In-house banking has likewise evolved dramatically with this implementation. Philips had a fully depreciated inhouse banking system that dated back to 1993 and was primarily used to administer zero-balance accounting for the business units. With the CMM application, visibility into liquidity has increased and liquidity management has been centralized for 20 currencies. Cash forecasting is also greatly improved. To manage internal accounting, 1100 in-house bank ac

counts have been established, with the in-house bank supporting interest and non-interest bearing, as well as transactional accounts. Implementation Approach The idea that culminated in the Philips payment factory and in-house bank started in 1998. The firm knew that it could dramatically improve efficiency, but its current systems were not up to the task. In April 1999, Philips formally chose Alterna (now Trema)1 as its solution provider. Philips was able to pilot the payments processing within two months in France. The firm quickly expanded the pilot to include five sites (four in France and one in Germany), and then officially launched the payment factory in 2000. With time, production staff was added, but without adding expense. Staff increases in treasury were offset by productivity savings and staff redeployments in the local regions as their responsibilities decreased. Conservatively, Philips estimates that each site achieved staffing savings with an average of .25 full-time equivalents (FTEs).

Global Rollout

Philips was very pleased with initial results and pursued an aggressive global rollout schedule. By the end of 2000, 40 sites had implemented CMM, and this number rose to over 100 in 2001. In-house banking functionality was added in March 2000 for inter-company payments.

During the project, the implementation team took care to remain focused on the project goals and prevent scope creep. There was pressure to add new sites more quickly or to add new features. Rather than bow to this pressure, the team stood by its delivery commitments and used its customer reference board to help guide priorities and future deliverables. The team was conservative in its implementations and rolled out cautiously to minimize disruption at the local business units.
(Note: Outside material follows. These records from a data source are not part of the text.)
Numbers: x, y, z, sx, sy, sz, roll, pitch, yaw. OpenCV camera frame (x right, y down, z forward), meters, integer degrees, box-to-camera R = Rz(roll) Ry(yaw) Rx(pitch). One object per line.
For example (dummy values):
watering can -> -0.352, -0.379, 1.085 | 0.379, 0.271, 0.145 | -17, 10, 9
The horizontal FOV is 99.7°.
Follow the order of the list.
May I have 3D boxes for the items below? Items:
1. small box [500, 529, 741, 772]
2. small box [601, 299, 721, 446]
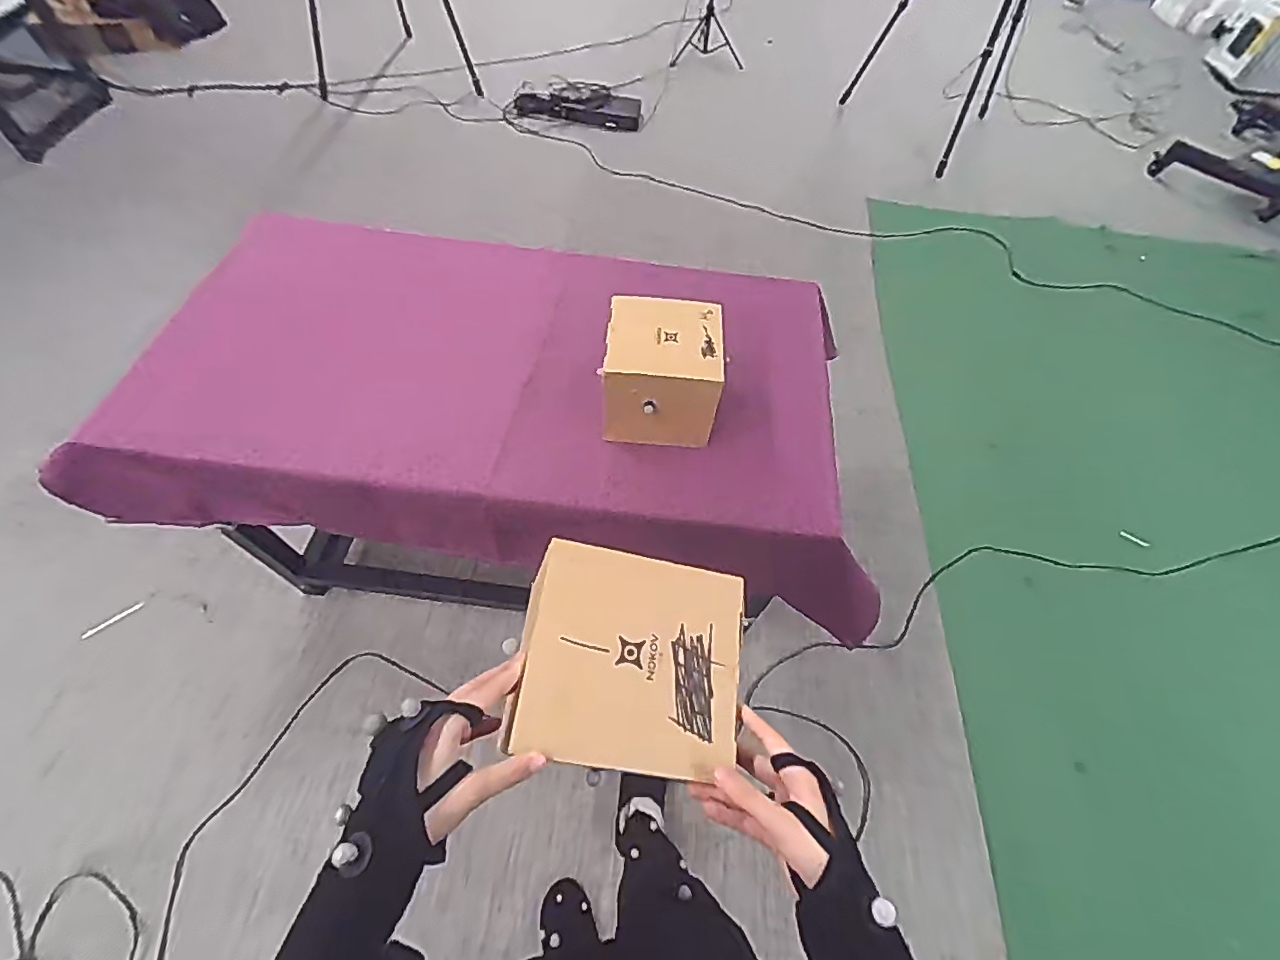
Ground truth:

Even with this approach, Philips was able to reap savings quickly from the project, and these will continue to accrue with time.

Qualitative Impacts

Not only has Philips achieved positive ROI and fast payback with this investment (Figure B), it has also improved the work environment at the local business units. The accounts payable group can now concentrate on relationships with its trading partners and internal customers. The previous environment consisted primarily of manual work: transmitting payments to the banks, reconciling account activity, and handling exceptions. Now, users have real-time, always- on access to CMM to view transaction activity for their business units.

Users also appreciate their ability to stay in control of the payment process and continue to use their own ERP systems to input invoices and generate payments as they are accustomed to doing. For them, it is a win-win situation: they reduce their costs and improve their business processes with no loss of control. Not only has Philips delivered bottom-line results to the organization in terms of financial savings, users of CMM are also positive about the impact on their daily processes.

Parting Thoughts

Philips continues implementing new sites and countries. Next, the firm plans to focus on improving its collections processes and expects to start other working capital optimization initiatives in line with its goal to increase ROCE.

Key Quantitative Results

  • In 200 locations, an average of .25 full-time staff have been redeployed (savings equivalent to 50 FTE).
  • More than 50 disbursement banks have been reduced to just two.
  • Bank and netting fees have been reduced €6.9m.
  • By the end of 2004, more than 1 million payments annually will be initiated using CMM.
  • At least €2m in development costs have been avoided.
  • Almost €5m in maintenance costs have been avoided in the first 5 years.

Source: Royal Philips Electronics, 2004

 

1Alterna was acquired by Trema in 2003, and Auros has been re-branded Cash Management Module (CMM).